#### COLLECTED MATERIAL

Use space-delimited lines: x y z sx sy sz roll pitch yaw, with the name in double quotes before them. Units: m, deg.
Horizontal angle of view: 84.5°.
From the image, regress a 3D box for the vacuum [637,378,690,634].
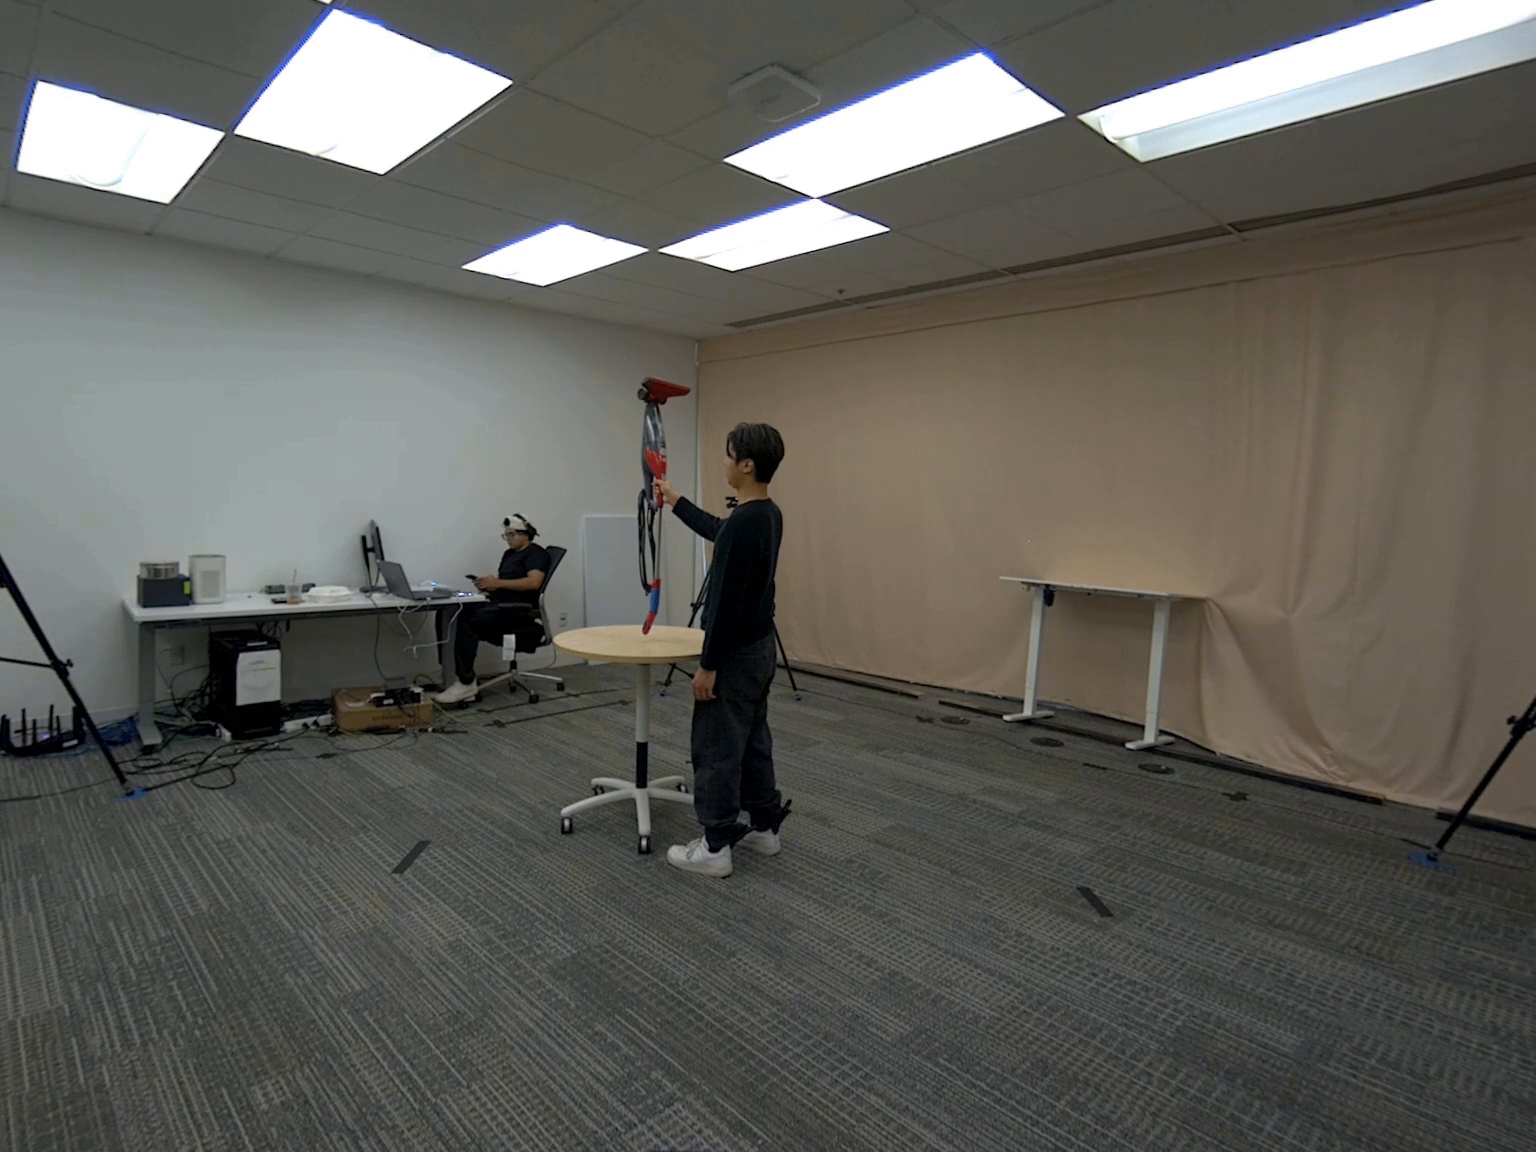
"vacuum" -0.507 -0.285 3.593 0.147 1.050 0.246 2 -1 42

########

EXERCISE BRIEF >>
Transcribe all data precisely. Pictures are not copied.

YOUR SOLUTION >>
Use space-delimited lines: x y z sx sy sz roll pitch yaw, with the name in double quotes before them. Units: m, deg.
Horizontal angle of view: 84.5°.
From the image, regress a 3D box for the vacuum [637,378,690,634].
"vacuum" -0.507 -0.285 3.593 0.147 1.050 0.246 2 -1 42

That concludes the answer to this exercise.